Records supplied.

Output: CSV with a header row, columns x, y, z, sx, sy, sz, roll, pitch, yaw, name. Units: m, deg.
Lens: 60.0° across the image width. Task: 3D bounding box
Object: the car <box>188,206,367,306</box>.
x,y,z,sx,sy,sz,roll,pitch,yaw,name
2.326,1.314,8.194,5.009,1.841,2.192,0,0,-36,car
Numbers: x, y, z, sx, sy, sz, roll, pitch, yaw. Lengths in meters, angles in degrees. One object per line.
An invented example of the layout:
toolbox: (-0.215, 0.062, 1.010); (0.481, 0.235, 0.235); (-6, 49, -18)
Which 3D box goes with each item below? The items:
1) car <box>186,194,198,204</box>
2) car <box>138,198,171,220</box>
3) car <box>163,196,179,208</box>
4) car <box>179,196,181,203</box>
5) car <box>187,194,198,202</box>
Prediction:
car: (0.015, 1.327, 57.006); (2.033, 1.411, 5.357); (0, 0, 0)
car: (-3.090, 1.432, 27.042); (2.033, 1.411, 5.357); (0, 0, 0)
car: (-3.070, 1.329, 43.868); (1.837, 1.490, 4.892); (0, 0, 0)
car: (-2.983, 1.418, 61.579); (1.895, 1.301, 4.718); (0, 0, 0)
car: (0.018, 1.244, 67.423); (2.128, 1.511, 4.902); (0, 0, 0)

--

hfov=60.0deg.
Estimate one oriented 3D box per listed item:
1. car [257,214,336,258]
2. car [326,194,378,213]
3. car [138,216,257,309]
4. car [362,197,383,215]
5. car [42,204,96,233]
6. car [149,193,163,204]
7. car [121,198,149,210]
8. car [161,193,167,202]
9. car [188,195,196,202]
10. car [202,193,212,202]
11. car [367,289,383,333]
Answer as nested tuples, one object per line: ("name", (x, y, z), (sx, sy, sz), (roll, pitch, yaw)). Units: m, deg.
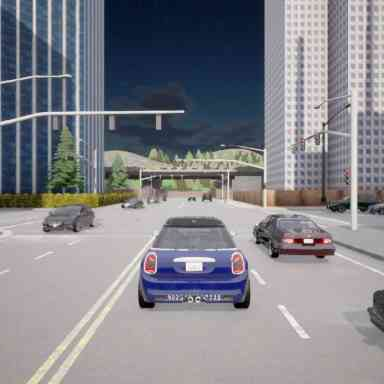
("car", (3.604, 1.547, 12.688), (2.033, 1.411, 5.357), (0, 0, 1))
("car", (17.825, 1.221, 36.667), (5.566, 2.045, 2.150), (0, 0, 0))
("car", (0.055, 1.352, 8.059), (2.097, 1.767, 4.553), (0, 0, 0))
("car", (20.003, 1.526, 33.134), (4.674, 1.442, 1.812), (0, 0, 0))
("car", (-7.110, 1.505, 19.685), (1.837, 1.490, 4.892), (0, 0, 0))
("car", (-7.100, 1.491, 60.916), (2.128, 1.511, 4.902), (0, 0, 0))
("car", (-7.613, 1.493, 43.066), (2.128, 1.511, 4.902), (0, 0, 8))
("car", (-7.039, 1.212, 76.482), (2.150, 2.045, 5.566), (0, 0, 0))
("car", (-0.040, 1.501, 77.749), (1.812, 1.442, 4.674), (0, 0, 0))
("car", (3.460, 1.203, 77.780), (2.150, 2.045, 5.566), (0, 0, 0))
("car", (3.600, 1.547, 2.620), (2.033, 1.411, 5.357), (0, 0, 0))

What needs to be done.
Search the material above for "with". Copy each line that has it.

Finished task.
Output: CSV with a header row, columns x, y, z, sx, sy, sz, roll, pitch, yaw, name. Units: m, deg.
Which 3D box goes with each item below? The items:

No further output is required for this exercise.